Key Achievements & Impact

Delivered Two Functional Implementations: A flexible cladtorch prototype and a high-performance C-style engine, providing a comprehensive study in design trade-offs.
Validated Clad for Complex ML: Successfully demonstrated end-to-end differentiation of a production-level GPT-2 model, showcasing Clad’s readiness for real-world compiler research applications.
Surpassed PyTorch on CPU: Achieved a significant performance milestone, proving the viability of compile-time AD for high-performance ML.
Created a Research Foundation: The optimized, kernel-based architecture provides an ideal base for exploring GPU acceleration and novel compiler optimizations.

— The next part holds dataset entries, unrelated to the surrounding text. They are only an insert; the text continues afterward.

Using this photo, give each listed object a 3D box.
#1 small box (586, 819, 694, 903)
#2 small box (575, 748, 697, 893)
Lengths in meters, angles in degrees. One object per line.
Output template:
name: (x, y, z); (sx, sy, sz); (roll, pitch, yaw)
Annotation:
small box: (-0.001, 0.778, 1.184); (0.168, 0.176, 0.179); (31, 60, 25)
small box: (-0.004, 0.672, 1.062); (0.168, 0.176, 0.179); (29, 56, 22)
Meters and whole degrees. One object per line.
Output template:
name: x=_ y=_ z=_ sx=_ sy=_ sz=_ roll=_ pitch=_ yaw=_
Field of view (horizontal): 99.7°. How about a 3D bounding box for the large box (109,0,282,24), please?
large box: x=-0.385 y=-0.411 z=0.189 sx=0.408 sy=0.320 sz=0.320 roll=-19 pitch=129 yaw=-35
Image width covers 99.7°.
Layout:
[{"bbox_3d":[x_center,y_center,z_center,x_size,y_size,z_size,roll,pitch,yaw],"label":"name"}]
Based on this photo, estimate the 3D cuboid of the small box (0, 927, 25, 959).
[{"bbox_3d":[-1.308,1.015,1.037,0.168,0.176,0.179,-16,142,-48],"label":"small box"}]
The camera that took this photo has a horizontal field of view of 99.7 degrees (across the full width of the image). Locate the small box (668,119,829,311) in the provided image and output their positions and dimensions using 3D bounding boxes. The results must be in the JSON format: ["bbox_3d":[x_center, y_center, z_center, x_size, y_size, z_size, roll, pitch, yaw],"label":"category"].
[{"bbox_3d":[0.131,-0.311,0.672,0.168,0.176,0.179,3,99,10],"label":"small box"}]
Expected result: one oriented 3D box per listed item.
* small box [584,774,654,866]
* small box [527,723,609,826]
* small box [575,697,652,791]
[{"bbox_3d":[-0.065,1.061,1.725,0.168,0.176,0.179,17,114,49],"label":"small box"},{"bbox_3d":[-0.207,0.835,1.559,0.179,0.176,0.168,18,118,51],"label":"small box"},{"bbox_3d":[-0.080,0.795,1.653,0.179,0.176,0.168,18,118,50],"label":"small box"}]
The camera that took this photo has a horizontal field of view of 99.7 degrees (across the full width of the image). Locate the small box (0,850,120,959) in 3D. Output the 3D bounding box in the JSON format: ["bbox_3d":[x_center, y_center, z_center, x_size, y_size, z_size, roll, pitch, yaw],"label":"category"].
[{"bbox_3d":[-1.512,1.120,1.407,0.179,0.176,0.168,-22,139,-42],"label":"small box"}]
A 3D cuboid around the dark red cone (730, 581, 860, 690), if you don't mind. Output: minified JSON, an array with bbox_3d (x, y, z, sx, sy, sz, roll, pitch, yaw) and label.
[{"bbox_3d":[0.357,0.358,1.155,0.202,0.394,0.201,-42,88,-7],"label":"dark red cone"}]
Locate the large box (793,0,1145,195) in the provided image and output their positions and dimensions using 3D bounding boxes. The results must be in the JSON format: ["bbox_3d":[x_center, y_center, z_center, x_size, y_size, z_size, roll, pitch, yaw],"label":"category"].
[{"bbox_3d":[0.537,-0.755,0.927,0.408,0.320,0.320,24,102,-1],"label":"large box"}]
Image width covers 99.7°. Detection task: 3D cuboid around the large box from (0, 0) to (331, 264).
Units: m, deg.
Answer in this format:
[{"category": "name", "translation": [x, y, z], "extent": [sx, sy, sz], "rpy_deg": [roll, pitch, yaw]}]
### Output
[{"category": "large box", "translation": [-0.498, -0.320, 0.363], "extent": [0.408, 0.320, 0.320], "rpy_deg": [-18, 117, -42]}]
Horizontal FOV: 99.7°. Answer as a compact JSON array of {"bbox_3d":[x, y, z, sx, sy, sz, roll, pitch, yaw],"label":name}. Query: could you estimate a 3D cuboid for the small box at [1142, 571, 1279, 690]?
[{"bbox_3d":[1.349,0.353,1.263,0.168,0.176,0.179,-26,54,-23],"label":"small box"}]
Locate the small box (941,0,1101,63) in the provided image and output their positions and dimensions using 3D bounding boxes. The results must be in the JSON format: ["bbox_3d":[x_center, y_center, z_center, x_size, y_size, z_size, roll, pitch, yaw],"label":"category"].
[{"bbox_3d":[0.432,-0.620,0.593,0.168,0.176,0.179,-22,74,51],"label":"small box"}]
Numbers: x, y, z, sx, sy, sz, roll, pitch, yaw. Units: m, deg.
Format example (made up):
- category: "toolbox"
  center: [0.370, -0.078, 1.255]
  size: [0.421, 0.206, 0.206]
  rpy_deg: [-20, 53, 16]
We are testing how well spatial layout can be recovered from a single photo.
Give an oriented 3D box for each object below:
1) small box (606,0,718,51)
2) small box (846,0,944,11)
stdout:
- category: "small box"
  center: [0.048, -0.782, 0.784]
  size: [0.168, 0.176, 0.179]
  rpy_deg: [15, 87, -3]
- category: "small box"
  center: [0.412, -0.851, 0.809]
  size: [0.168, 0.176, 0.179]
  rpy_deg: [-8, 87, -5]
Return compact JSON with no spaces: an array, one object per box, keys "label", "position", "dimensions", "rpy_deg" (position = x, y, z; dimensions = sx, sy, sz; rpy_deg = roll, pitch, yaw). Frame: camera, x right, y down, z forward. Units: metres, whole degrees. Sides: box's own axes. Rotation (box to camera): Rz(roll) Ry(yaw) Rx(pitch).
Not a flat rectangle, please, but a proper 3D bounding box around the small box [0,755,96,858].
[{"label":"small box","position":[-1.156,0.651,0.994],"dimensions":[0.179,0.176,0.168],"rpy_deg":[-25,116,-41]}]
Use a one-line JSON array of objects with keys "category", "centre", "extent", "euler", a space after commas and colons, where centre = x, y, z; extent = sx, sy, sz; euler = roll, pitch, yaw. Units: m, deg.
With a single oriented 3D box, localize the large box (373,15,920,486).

This project also illustrates the trade-off between developer ergonomics and raw speed. While cladtorch’s PyTorch-like API was pleasant to use, its abstraction overhead was fundamentally at odds with peak performance, and would require significant work to bring to the same level of performance as PyTorch itself. The C-style engine, though less “modern C++,” is what allowed us to beat PyTorch.

Future Work & Next Steps

The project’s architecture opens several interesting avenues to explore further:

GPU Acceleration: The stateless, pointer-based kernel design is a good candidate for porting to CUDA. This will let us test our hypothesis on the hardware where training is done at scale.
Clad-Driven Kernel Fusion: We can leverage Clad’s static analysis to automatically fuse sequences of operations (e.g., softmax + cross_entropy) into single, more efficient kernels, reducing memory bandwidth and kernel launch overhead.

Conclusion

This GSoC project aimed to explore whether compiler-level AD could make LLM training more efficient in C++ environments. Our implementation demonstrates clear performance improvements over PyTorch on CPU, while also highlighting important trade-offs in C++ ML system design. By deeply integrating with the compiler via Clad, we’ve demonstrated that compiler-driven ML can even surpass mature Python frameworks. This work provides a tangible, high-performance alternative for C++-centric HPC environments and offers the Compiler Research Group a powerful real-world benchmark for future Clad enhancements.